While there is no specific ‘theory’ as such to the teaching behind the property of shapes, there are some dos and don’ts that I feel are important from the outset, particularly in regard to resourcing for this subject. In too many classrooms, there will be a drawer labelled 2-d shapes that we believe to contain 2-d shapes like those below.

The issue here is that they are not 2-d. In the physical plane, where items can be manipulated, there exists exactly 3 dimensions. A piece of paper for example, despite its appearance, has a minuscule measurement of depth, and is therefore 3-d.

Every shape in that drawer is in fact a 3-d shape. Their purpose however is to represent 2-d shapes in an interactive way. Therefore, the teacher is left with two choices. Keep the label ‘2-d shapes’ but take out all the shapes and replace them with drawn shapes on a piece of paper or change the label to ‘3-d shapes used to represent 2-d shapes’.

The fact of the matter is that holding up one of these shapes and asking pupils to identify the 2-d shape you are holding is categorically wrong. Asking them what 2-d shape is represented by this 3-d shape is, however, perfectly permissible. It is for this reason that I recommend that 3-d shapes are taught before 2-d shapes.

When it comes to the lesson delivery of property of shape, leaning into variation theory can be a useful tool for educators to deploy. The application of variation theory is far more complicated and nuanced than even the best crafted worksheet could ever get across to pupils.

Rather, one of its possible uses involves the intellectual pursuit of skilful examples, where great care has been considered not only in the examples selected but the order in which they will be revealed..

It is very easy to get wrong but the rewards of getting variation theory correct are bountiful and shape, I believe, provides teachers who are interested in its application an easier route into how it works.

Those subscribed to Third Space Learning’s premium content can access a staff CPD powerpoint on variation theory and its application.

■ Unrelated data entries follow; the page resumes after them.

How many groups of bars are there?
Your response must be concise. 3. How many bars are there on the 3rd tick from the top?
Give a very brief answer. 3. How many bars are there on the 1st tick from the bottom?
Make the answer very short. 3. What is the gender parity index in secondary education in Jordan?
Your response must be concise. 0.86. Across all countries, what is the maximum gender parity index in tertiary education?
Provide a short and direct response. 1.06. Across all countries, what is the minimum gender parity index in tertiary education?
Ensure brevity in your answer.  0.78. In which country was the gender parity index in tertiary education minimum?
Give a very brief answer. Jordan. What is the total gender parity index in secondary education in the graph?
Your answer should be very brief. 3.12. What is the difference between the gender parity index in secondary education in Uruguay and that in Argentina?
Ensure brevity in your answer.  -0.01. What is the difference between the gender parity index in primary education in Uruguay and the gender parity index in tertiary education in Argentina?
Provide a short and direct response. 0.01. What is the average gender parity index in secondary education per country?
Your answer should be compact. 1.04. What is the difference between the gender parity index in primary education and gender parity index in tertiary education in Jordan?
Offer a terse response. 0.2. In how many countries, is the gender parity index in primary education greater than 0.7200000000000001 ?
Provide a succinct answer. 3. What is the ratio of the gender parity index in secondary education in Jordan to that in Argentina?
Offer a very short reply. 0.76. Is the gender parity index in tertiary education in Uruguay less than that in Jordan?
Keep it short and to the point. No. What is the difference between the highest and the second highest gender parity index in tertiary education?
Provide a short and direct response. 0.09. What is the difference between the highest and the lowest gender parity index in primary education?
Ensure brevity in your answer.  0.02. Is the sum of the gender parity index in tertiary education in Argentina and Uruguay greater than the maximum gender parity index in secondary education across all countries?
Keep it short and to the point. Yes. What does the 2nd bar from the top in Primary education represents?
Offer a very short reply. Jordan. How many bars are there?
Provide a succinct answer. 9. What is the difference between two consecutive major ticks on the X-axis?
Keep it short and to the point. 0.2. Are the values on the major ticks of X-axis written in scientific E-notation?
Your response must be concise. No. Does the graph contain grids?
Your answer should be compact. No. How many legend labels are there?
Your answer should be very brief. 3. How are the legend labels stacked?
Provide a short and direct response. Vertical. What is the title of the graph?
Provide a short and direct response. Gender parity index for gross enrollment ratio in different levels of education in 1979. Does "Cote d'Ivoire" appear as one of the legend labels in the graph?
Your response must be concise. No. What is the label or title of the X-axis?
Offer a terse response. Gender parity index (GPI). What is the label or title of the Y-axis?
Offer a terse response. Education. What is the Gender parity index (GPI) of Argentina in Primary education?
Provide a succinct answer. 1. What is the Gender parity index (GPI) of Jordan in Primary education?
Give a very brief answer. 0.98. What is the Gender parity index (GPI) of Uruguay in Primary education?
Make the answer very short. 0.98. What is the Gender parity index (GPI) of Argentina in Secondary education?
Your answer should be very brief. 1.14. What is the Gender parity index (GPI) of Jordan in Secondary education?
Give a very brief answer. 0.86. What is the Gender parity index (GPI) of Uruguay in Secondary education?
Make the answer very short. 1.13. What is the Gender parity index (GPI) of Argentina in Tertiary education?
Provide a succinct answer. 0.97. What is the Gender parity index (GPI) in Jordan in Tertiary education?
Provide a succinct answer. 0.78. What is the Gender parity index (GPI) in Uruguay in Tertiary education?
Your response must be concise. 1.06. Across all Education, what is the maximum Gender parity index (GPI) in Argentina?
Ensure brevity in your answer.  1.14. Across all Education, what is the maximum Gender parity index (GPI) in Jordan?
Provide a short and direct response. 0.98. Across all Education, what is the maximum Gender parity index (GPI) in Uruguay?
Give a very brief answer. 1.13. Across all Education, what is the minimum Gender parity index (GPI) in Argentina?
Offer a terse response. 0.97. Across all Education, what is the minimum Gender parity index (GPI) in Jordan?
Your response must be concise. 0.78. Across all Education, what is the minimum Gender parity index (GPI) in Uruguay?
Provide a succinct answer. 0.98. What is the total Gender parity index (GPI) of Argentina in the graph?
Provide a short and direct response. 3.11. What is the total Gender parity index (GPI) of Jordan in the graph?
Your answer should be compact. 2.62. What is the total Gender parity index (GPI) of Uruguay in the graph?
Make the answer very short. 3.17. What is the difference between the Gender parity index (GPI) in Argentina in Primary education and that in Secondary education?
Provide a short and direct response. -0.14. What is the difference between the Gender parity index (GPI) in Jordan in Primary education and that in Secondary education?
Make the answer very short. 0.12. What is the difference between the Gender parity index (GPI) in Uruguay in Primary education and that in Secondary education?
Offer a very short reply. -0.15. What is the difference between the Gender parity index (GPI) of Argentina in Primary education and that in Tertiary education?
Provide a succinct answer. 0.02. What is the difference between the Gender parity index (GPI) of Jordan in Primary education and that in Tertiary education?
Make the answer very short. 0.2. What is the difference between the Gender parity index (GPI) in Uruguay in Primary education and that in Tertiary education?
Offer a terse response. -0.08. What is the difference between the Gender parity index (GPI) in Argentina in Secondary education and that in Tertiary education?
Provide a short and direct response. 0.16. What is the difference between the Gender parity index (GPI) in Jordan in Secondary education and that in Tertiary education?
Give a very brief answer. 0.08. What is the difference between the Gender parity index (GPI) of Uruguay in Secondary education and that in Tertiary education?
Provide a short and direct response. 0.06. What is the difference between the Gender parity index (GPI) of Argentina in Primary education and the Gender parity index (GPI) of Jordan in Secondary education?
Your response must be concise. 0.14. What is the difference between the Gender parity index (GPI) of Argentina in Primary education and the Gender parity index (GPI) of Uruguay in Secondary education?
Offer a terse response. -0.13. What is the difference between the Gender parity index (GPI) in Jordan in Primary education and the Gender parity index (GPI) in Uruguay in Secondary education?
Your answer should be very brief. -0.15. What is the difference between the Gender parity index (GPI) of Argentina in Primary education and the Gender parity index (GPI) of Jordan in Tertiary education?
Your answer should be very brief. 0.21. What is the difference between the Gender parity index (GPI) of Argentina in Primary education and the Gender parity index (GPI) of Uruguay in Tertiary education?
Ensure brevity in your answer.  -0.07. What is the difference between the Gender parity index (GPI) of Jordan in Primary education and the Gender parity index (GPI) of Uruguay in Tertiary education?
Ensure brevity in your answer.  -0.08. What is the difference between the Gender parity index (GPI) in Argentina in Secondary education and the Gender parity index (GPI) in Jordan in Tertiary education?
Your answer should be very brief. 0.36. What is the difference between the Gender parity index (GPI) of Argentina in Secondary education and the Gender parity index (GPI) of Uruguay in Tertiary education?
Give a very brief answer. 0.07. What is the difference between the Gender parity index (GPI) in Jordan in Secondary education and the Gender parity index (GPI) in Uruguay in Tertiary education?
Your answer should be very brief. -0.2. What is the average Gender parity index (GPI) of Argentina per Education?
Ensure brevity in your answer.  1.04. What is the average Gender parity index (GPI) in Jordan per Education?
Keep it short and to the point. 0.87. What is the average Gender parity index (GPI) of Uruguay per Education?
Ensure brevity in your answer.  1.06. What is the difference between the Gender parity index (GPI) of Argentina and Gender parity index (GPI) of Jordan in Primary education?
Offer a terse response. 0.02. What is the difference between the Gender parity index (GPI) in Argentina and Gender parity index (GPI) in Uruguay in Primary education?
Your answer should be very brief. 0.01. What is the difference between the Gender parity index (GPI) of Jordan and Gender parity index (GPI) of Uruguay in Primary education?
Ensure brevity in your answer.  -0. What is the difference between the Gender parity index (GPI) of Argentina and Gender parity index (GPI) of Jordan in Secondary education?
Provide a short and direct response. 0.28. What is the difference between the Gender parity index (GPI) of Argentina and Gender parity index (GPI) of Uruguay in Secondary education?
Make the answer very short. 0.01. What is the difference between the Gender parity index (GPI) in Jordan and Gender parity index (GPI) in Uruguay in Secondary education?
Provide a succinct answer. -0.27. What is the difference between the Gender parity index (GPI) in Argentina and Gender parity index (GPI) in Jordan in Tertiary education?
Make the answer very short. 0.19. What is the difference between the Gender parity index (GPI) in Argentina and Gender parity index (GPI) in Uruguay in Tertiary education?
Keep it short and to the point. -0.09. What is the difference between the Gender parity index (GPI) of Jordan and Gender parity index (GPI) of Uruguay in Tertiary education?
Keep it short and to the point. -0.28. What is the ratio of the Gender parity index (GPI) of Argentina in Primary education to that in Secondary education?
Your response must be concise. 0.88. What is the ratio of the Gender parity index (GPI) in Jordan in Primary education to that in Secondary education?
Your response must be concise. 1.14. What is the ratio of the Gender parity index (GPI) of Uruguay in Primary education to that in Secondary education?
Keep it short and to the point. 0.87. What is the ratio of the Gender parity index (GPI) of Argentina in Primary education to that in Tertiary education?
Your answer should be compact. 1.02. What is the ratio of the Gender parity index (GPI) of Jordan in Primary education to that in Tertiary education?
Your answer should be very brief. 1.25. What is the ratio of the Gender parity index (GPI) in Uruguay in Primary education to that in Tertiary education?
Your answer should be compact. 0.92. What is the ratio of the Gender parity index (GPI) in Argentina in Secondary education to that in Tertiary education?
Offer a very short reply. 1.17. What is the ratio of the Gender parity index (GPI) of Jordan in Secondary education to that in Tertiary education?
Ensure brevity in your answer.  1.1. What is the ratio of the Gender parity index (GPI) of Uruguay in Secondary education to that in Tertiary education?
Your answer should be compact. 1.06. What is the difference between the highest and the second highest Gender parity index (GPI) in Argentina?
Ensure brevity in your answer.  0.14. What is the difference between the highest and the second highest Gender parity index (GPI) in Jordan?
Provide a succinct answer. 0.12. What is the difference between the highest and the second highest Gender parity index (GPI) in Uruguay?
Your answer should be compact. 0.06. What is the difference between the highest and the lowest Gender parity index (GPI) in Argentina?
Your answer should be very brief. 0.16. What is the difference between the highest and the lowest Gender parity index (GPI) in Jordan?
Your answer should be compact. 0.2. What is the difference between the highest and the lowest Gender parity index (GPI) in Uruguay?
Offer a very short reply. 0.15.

2D Shapes Worksheet Year 3

Download this FREE recognising 2D shapes Geometry worksheet for Year 3 pupils, from our Independent Recap collection.

### Geometry – properties of shapes KS2: Year 3

In the national curriculum for maths in England, for each area of maths outlined, there is both a statutory requirement and a non-statutory requirement. The statutory requirement is as follows:

• Draw 2-d shapes and make 3-d shapes using modelling materials; recognise 3-d shapes in different orientations and describe them
• Recognise angles as a property of shape or a description of a turn
• Identify right angles, recognise that 2 right angles make a half-turn, 3 make three-quarters of a turn and 4 a complete turn; identify whether angles are greater than or less than a right angle
• Identify horizontal and vertical lines and pairs of perpendicular and parallel lines

The non-statutory notes and guidance suggests:

Pupils’ knowledge of the properties of shapes is extended at this stage to symmetrical and non-symmetrical polygons and polyhedra. Pupils extend their use of the properties of shapes. They should be able to describe the properties of 2-d and 3-d shapes using accurate language, including lengths of lines and acute and obtuse for angles greater or lesser than a right angle.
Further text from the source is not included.